Published August 5, 2022

After years of visioning and strategizing, Lomakatsi Restoration Project is excited to be putting boots on the ground as part of the Taktokeewa Pine Springs Habitat Restoration Project in partnership with the Kosealekte Band and U.S. Forest Service-Modoc National Forest. This collaborative effort is located in the northeastern corner of California, 10 miles southeast of Alturas, within the aboriginal homelands of the Kosealekte Band of the Ajumawi-Atsuge Nation (federally-recognized as the Pit River Tribe). This collaboration between the Kosealekte Band, the Modoc National Forest, and Lomakatsi aims to restore an initial 3,000 acres of important habitat by 2026.
Presently, we’re providing capacity to our Forest Service partners by conducting the required pre-implementation environmental assessments and drafting specialist reports, while working closely with Forest Service’s team of specialists. Through this work, six Lomakatsi tribal staff from the Kosealekte Band are serving as our technical forestry team, working with our foresters and ecologists in an effort to collect quality data, while building capacity through a peer-to-peer learning and training program.

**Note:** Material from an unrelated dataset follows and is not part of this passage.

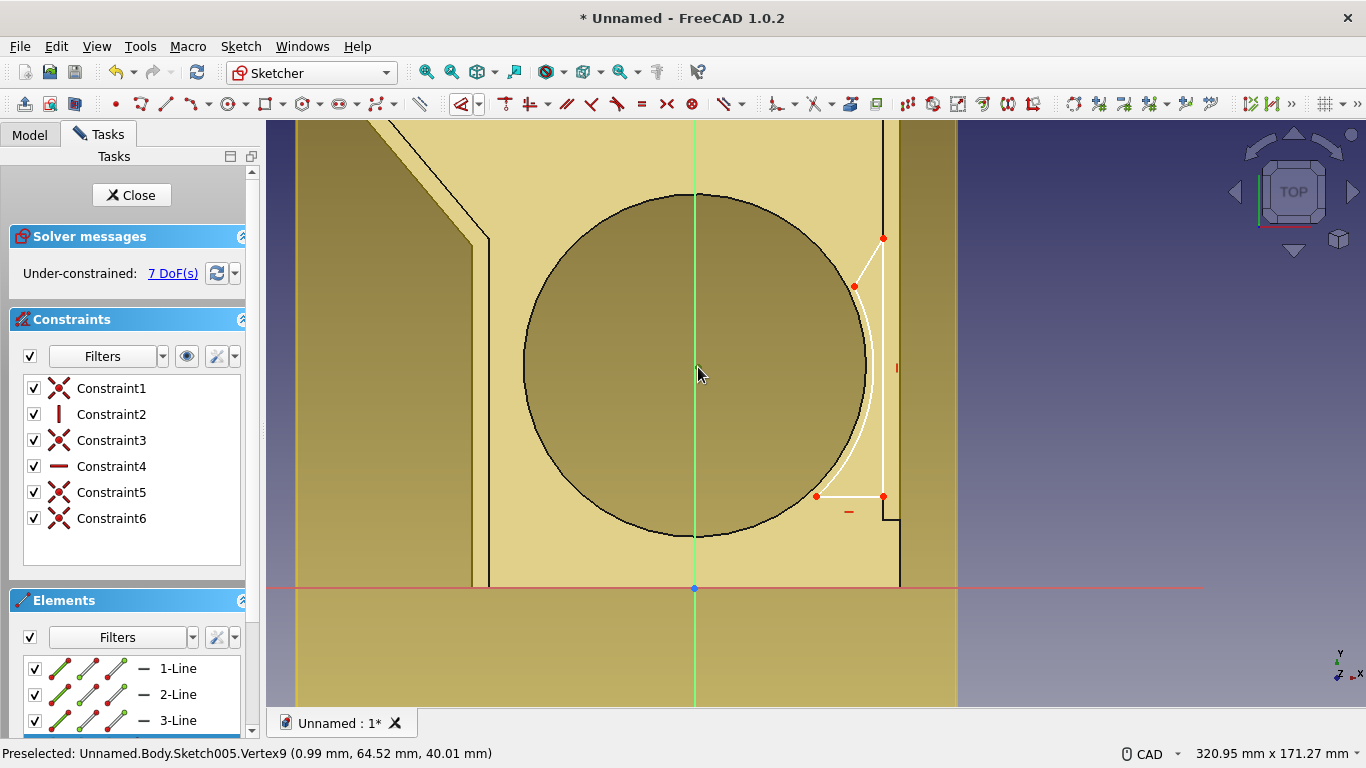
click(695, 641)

Earlier this summer, Lomakatsi’s Ecological Monitoring Associate Jordan Anderson and Tribal Projects Manager George Swartzlender—a member of the Kosealekte Band—led tribal crew members in completing Northern Goshawk surveys in planned treatment areas. This week, and throughout the remainder of the summer, the team will be conducting “common stand exams” to assess current ecological conditions in the project area and inform the restoration prescriptions that will be developed for future ecological forestry and restoration work.

Over the past two months, Tribal Partnerships Director Belinda Brown and the Lomakatsi team have been working closely with elected leaders of the Kosealekte Band and archeologists from the Forest Service Heritage Program to launch cultural surveys in the project area. Lomakatsi will be contracting with an archeologist to complete this assessment work over the next year, with Kosealekte Band members leading the survey work and serving in an advisory capacity. Restoration treatments, including ecological thinning and prescribed burning, are scheduled to begin in 2025, with the goal of enhancing wildlife habitat, promoting ecocultural plant species used by local tribes for cultural and subsistence purposes, and reducing the risk of severe wildfire to adjacent communities.